Mark Singer, who was Corridor Capital's vice president of strategic planning from February until September, said the company lacked financing and experience and didn't have rail cars ready to go to take over the Hoosier State line.
He said the company's initial proposal to the Indiana Department of Transportation did not indicate that the company needed startup funds.
"I was shocked to find out his own investors were not going to pony up … to the table to finance this operation," Singer told the Journal & Courier. "The state was going to pay $1.6 million to rehab equipment they were only going to be leasing for two years."
He said state would have paid an additional $1 million in annual lease payments.
Fritz Plous, Corridor Capital's vice president of corporate communication, said the question of "who writes the checks had not been all worked out" during the company's negotiations with Indiana officials.
"The customer has to pay," he said. "I don't know if that proviso is what led to the delay or dropping of the process."

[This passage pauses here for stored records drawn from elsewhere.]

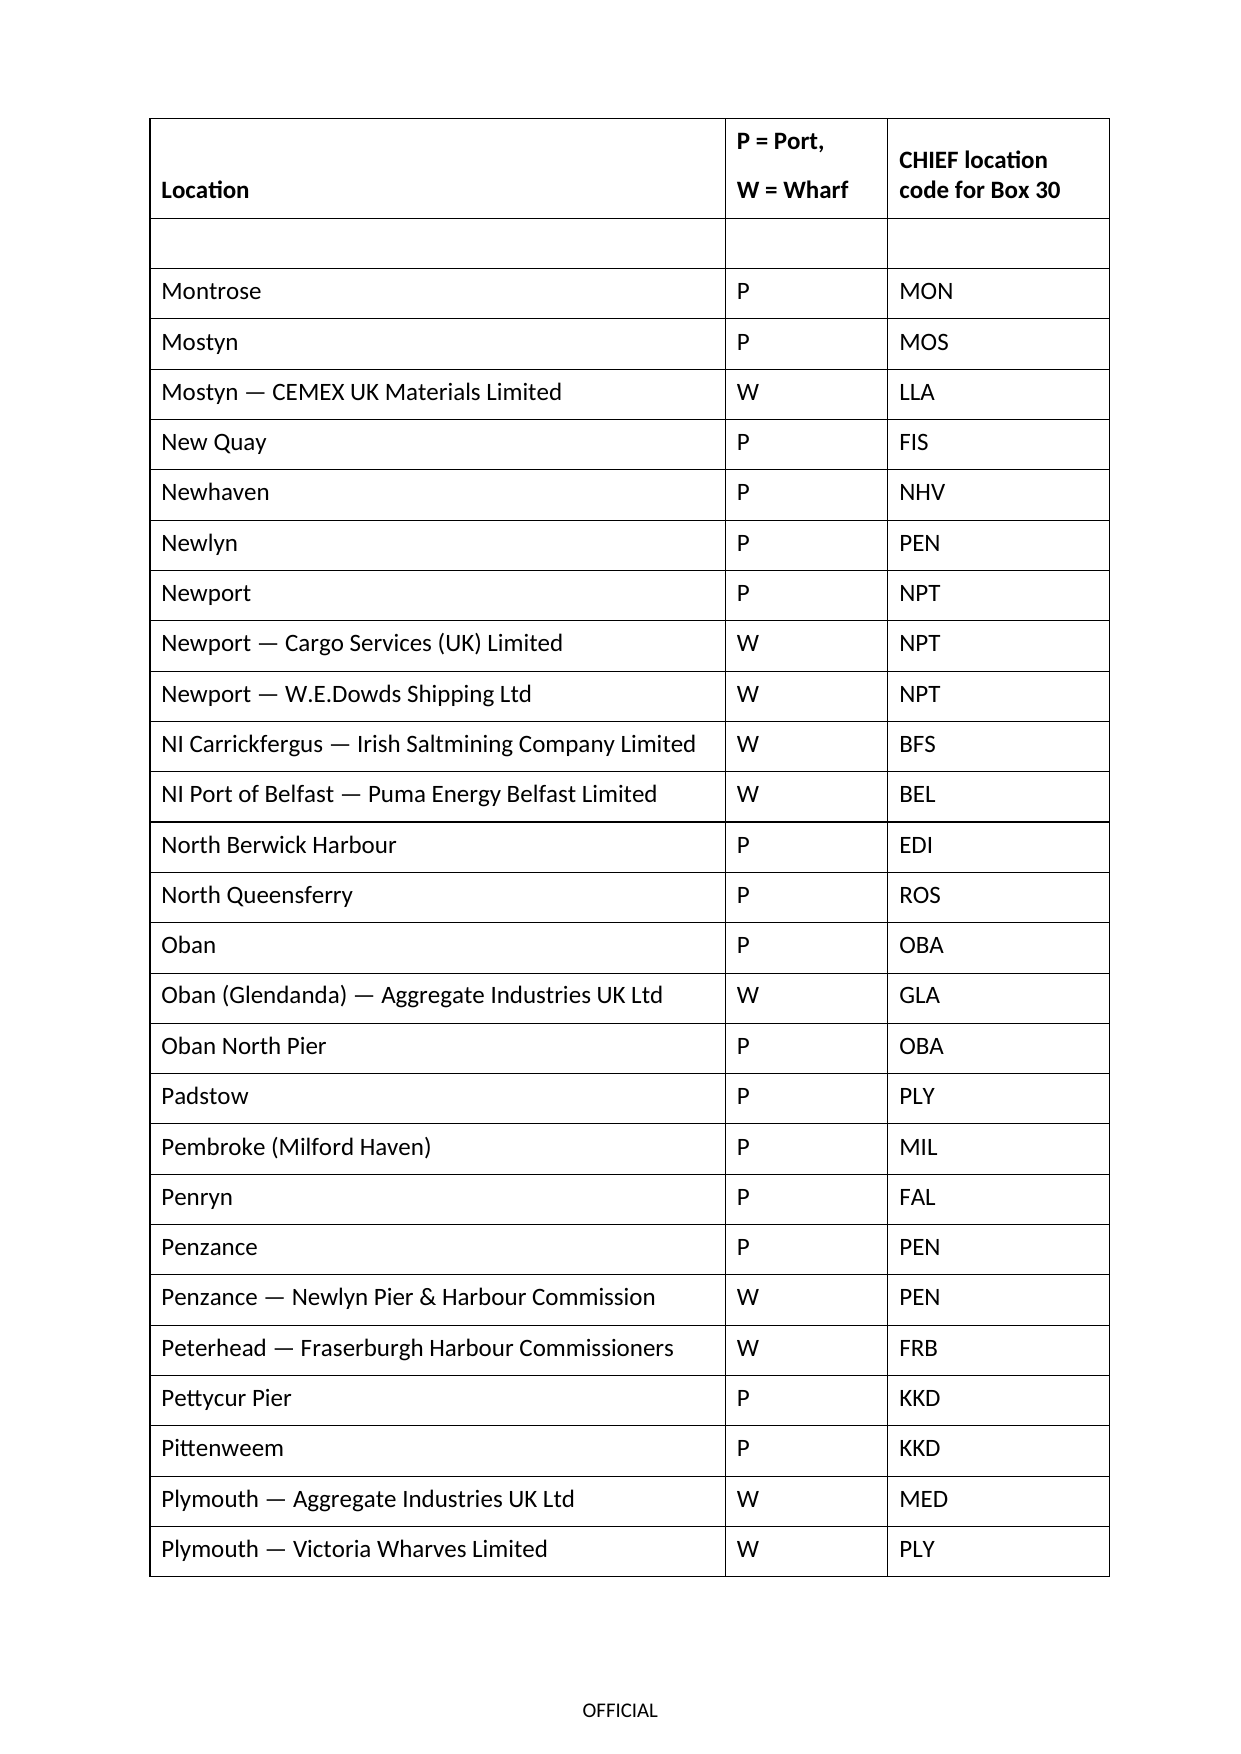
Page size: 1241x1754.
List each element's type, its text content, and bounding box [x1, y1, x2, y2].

table_cell W [726, 772, 887, 821]
table_cell Oban North Pier [151, 1024, 725, 1073]
table_cell P [726, 1376, 887, 1425]
table_cell W [726, 1326, 887, 1375]
table_cell W [726, 722, 887, 771]
table_cell Penzance [151, 1225, 725, 1274]
table_cell P [726, 470, 887, 519]
table_cell North Berwick Harbour [151, 823, 725, 872]
table_cell OBA [888, 923, 1109, 972]
table_cell W [726, 370, 887, 419]
table_cell NI Port of Belfast — Puma Energy Belfast Limited [151, 772, 725, 821]
table_cell Padstow [151, 1074, 725, 1123]
table_cell P [726, 923, 887, 972]
table_cell BFS [888, 722, 1109, 771]
table_cell [151, 219, 725, 268]
table_cell P [726, 1175, 887, 1224]
table_cell EDI [888, 823, 1109, 872]
table_cell New Quay [151, 420, 725, 469]
table_cell P [726, 1225, 887, 1274]
table_cell BEL [888, 772, 1109, 821]
table_cell FAL [888, 1175, 1109, 1224]
table_cell Penryn [151, 1175, 725, 1224]
table_cell PEN [888, 1275, 1109, 1324]
table_cell Newlyn [151, 521, 725, 570]
table_cell W [726, 1527, 887, 1576]
table_cell Newhaven [151, 470, 725, 519]
table_cell OBA [888, 1024, 1109, 1073]
table_cell P [726, 571, 887, 620]
table_cell Newport [151, 571, 725, 620]
table_cell Penzance — Newlyn Pier & Harbour Commission [151, 1275, 725, 1324]
table_cell MON [888, 269, 1109, 318]
table_cell P [726, 823, 887, 872]
table_cell NPT [888, 672, 1109, 721]
table_cell Mostyn [151, 319, 725, 369]
table_header Location [151, 119, 725, 218]
table_cell P [726, 319, 887, 369]
table_cell Newport — W.E.Dowds Shipping Ltd [151, 672, 725, 721]
table_cell W [726, 974, 887, 1023]
table_cell Pittenweem [151, 1426, 725, 1476]
table_cell W [726, 672, 887, 721]
table_cell NI Carrickfergus — Irish Saltmining Company Limited [151, 722, 725, 771]
table_cell NPT [888, 621, 1109, 671]
table_cell Montrose [151, 269, 725, 318]
table_cell Pembroke (Milford Haven) [151, 1124, 725, 1174]
table_cell PLY [888, 1074, 1109, 1123]
table_cell W [726, 1477, 887, 1526]
table_cell Newport — Cargo Services (UK) Limited [151, 621, 725, 671]
table_cell Plymouth — Victoria Wharves Limited [151, 1527, 725, 1576]
table_cell W [726, 1275, 887, 1324]
table_cell Oban [151, 923, 725, 972]
table_cell PLY [888, 1527, 1109, 1576]
table_header CHIEF location code for Box 30 [888, 119, 1109, 218]
table_cell P [726, 1124, 887, 1174]
table_cell Plymouth — Aggregate Industries UK Ltd [151, 1477, 725, 1526]
table_cell MIL [888, 1124, 1109, 1174]
table_cell PEN [888, 521, 1109, 570]
table_cell [726, 219, 887, 268]
table_cell FRB [888, 1326, 1109, 1375]
table_cell PEN [888, 1225, 1109, 1274]
table_cell FIS [888, 420, 1109, 469]
table_cell P [726, 521, 887, 570]
table_cell ROS [888, 873, 1109, 922]
table_cell P [726, 1024, 887, 1073]
table_cell P [726, 1426, 887, 1476]
table_cell Pettycur Pier [151, 1376, 725, 1425]
table_cell LLA [888, 370, 1109, 419]
table_cell [888, 219, 1109, 268]
table_cell P [726, 1074, 887, 1123]
table_header P = Port, W = Wharf [726, 119, 887, 218]
table_cell MOS [888, 319, 1109, 369]
table_cell North Queensferry [151, 873, 725, 922]
table_cell Oban (Glendanda) — Aggregate Industries UK Ltd [151, 974, 725, 1023]
table_cell W [726, 621, 887, 671]
table_cell P [726, 420, 887, 469]
table_cell KKD [888, 1426, 1109, 1476]
table_cell Mostyn — CEMEX UK Materials Limited [151, 370, 725, 419]
table_cell MED [888, 1477, 1109, 1526]
table_cell NHV [888, 470, 1109, 519]
table_cell P [726, 873, 887, 922]
table_cell GLA [888, 974, 1109, 1023]
table_cell NPT [888, 571, 1109, 620]
table_cell P [726, 269, 887, 318]
table_cell Peterhead — Fraserburgh Harbour Commissioners [151, 1326, 725, 1375]
table_cell KKD [888, 1376, 1109, 1425]

Corridor Capital began contract talks last summer with INDOT to provide passenger rail cars, marketing and other services on the Hoosier State line after the state's contract with Amtrak ends in January.
INDOT broke off negotiations with Corridor Capital this month, offering no reasons for ending the negotiations it had started in late June.
The Hoosier State line, which runs four days a week between Indianapolis and Chicago, was among the passenger rail routes less than 750 miles long that lost federal funding last year under legislation Congress passed in 2008.
INDOT and seven local partners, including the cities of Indianapolis, Lafayette and Crawfordsville, agreed to pay Amtrak a $2.7 million subsidy to keep that line running until October, and those partners are now funding the line through Jan. 31 under a four-month extension.
Transportation department spokesman Will Wingfield said the complex negotiations involve two federal agencies, the state, a private company and communities served by the line and it's still a work in progress.
"At this point, our discussions with Amtrak are key," he said. "We're looking for them to continue as operator."